Monday, December 29, 2014

Why it's important to show up at the airport (and why I'm not going to)

Never
Love
Anyone
Who
Treats
You
Like
You're
Ordinary 

I plaster this all over my Instagram feed whenever I'm feeling it, hoping that the sheer declaration of the fact will make the thing go away. It doesn't. Not ever. But I keep trying. Perhaps we are pre-programmed for this kind of stuff, attracted to it (absent father etc.), however messed up that sounds. Perhaps I was spoiled in my marriage (I was). But for whatever reason, I fell in love, head over heels in love, Charlotte Bronte in love, with a kind, good, sweet, brilliant man, for whom I never felt like a priority, and it has been killing me, methodically, for a year.  It has taken every shred of my self-confidence and rendered me quite plucked chicken-like in my visage. Goosebumpy and frail and nodding and rather a sad representation of the bonnie, smiley, jolly person I think I am.

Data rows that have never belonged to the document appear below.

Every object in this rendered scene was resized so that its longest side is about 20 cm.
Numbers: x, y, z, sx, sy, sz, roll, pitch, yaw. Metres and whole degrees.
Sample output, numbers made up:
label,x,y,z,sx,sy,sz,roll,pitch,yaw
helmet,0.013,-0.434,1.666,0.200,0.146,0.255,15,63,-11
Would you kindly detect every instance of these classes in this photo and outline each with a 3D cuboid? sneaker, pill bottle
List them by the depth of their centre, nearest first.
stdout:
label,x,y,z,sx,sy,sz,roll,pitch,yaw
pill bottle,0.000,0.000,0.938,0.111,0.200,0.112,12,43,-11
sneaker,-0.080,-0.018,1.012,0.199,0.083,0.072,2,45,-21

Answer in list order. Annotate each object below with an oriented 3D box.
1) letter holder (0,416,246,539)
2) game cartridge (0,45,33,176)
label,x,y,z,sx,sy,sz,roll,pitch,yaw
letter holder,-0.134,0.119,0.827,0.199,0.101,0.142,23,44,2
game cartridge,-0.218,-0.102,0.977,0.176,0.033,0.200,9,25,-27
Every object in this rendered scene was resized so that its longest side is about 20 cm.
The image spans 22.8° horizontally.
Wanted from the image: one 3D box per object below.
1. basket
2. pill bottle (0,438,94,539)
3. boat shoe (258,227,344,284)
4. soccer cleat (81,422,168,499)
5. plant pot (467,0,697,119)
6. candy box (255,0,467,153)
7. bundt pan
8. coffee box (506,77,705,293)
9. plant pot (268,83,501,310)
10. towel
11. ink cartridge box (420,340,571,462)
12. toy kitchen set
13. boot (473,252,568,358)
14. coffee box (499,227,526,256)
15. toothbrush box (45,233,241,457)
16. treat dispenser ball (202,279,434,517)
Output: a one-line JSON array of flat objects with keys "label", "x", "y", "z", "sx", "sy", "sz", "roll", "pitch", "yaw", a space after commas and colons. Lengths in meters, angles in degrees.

I am utterly wretched today, two days before he is supposed to come here and until last night, I didn't know for sure that he had a ticket. It's this thing I'd been looking forward to since November and now it's almost here and I don't want it. Out of somewhere, God knows where, I conjured up a tiny shred of self-respect and realized, no more, no way José. Most people would say, pull yourself together, you can't have everything. But it didn't work on so many levels: emotionally and logistically. He lives in London; I live in LA. It's been a year and in that year I think I've felt shitty about 100 times. That may be the amount of times we've broken up, or rather, the amount of times I've tried to get out of it, but he's always pulled me back in because although he doesn't want to be in it, he doesn't want to be without it (wow, that makes a girl feel good). And romantic, yes I suppose so, if you like that kind of histrionic interplay. Romantic in a slapstick farcical comedy kind of way. Romantic in a just short of getting out the knives and the poison arrows kinda way. Romantic in a Game of Thrones kinda way without the fur and snow.

But no, not romantic. Actually shitty. Actually day to day shitty. They (he) are not there. You can't see them or touch them. You can't work out differences with a kiss or a hug or talk face to face. The time is off. All of it is just shitty.

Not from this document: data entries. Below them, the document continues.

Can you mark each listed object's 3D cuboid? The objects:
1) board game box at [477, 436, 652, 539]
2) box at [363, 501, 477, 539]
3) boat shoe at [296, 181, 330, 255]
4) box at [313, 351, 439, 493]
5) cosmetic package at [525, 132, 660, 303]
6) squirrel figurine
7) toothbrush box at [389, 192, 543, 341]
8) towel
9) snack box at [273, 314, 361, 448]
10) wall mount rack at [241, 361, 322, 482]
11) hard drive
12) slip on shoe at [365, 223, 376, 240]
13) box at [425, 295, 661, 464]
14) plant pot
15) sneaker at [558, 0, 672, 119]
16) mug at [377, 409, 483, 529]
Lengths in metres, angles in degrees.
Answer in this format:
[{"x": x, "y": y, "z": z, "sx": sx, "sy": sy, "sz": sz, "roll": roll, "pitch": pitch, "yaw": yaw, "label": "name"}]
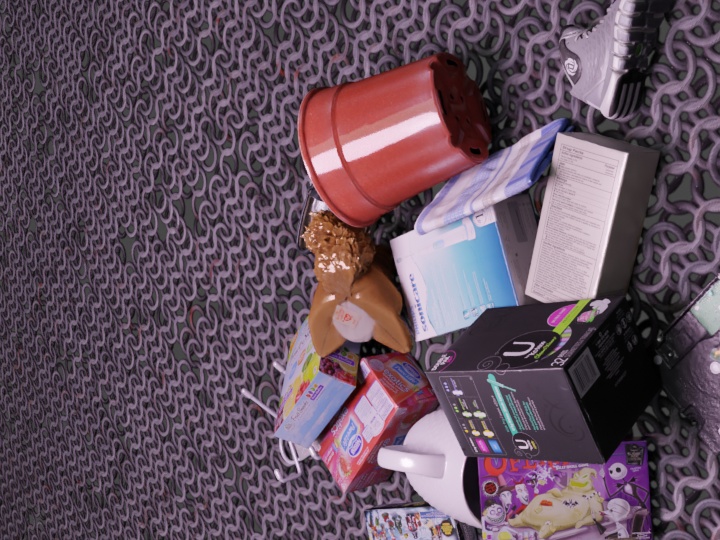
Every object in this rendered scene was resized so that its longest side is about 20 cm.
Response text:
[{"x": 0.240, "y": 0.262, "z": 1.136, "sx": 0.198, "sy": 0.032, "sz": 0.121, "roll": -4, "pitch": 89, "yaw": 6, "label": "board game box"}, {"x": 0.093, "y": 0.413, "z": 1.412, "sx": 0.199, "sy": 0.040, "sz": 0.138, "roll": -20, "pitch": 81, "yaw": 48, "label": "box"}, {"x": -0.053, "y": -0.114, "z": 1.493, "sx": 0.075, "sy": 0.060, "sz": 0.202, "roll": 30, "pitch": 117, "yaw": 43, "label": "boat shoe"}, {"x": 0.023, "y": 0.225, "z": 1.425, "sx": 0.100, "sy": 0.095, "sz": 0.201, "roll": 52, "pitch": 130, "yaw": 32, "label": "box"}, {"x": 0.269, "y": -0.053, "z": 1.121, "sx": 0.103, "sy": 0.073, "sz": 0.202, "roll": 28, "pitch": 115, "yaw": 43, "label": "cosmetic package"}, {"x": 0.000, "y": 0.000, "z": 1.354, "sx": 0.140, "sy": 0.187, "sz": 0.201, "roll": -11, "pitch": 118, "yaw": 22, "label": "squirrel figurine"}, {"x": 0.145, "y": -0.001, "z": 1.262, "sx": 0.199, "sy": 0.085, "sz": 0.148, "roll": -23, "pitch": 79, "yaw": 48, "label": "toothbrush box"}, {"x": 0.162, "y": -0.116, "z": 1.194, "sx": 0.199, "sy": 0.147, "sz": 0.024, "roll": -23, "pitch": 111, "yaw": 47, "label": "towel"}, {"x": -0.060, "y": 0.138, "z": 1.454, "sx": 0.169, "sy": 0.067, "sz": 0.201, "roll": -56, "pitch": 16, "yaw": 38, "label": "snack box"}, {"x": -0.116, "y": 0.251, "z": 1.605, "sx": 0.200, "sy": 0.074, "sz": 0.175, "roll": -40, "pitch": 65, "yaw": 43, "label": "wall mount rack"}, {"x": 0.403, "y": 0.081, "z": 1.011, "sx": 0.140, "sy": 0.038, "sz": 0.201, "roll": 55, "pitch": 133, "yaw": 29, "label": "hard drive"}, {"x": -0.003, "y": -0.116, "z": 1.436, "sx": 0.076, "sy": 0.060, "sz": 0.201, "roll": 40, "pitch": 124, "yaw": 38, "label": "slip on shoe"}, {"x": 0.204, "y": 0.123, "z": 1.081, "sx": 0.199, "sy": 0.148, "sz": 0.125, "roll": -9, "pitch": 113, "yaw": 49, "label": "box"}, {"x": 0.054, "y": -0.182, "z": 1.259, "sx": 0.194, "sy": 0.200, "sz": 0.203, "roll": -19, "pitch": 81, "yaw": 32, "label": "plant pot"}, {"x": 0.277, "y": -0.282, "z": 1.082, "sx": 0.115, "sy": 0.075, "sz": 0.202, "roll": 35, "pitch": 121, "yaw": 43, "label": "sneaker"}, {"x": 0.117, "y": 0.248, "z": 1.244, "sx": 0.175, "sy": 0.198, "sz": 0.149, "roll": 0, "pitch": 83, "yaw": 59, "label": "mug"}]

And so, today, when I realized that this normally optimistic, happy person (me, in case you wondered, because I'd been wondering lately) had become someone who could hardly get out of bed, and when my voice faltered so much I could hardly leave a phone message for my best friend, I realized that

:::LOVE ISN'T ENOUGH:::

Love isn't enough. Actually you need kindness and forgiveness and empathy and then more kindness. Also, you need flowers. Let's be honest ;-) girls need to be sent flowers, at least once...

I've bored my friends with the drama. He's bored his friends with the drama.
We can't even make it into the same room at the same time.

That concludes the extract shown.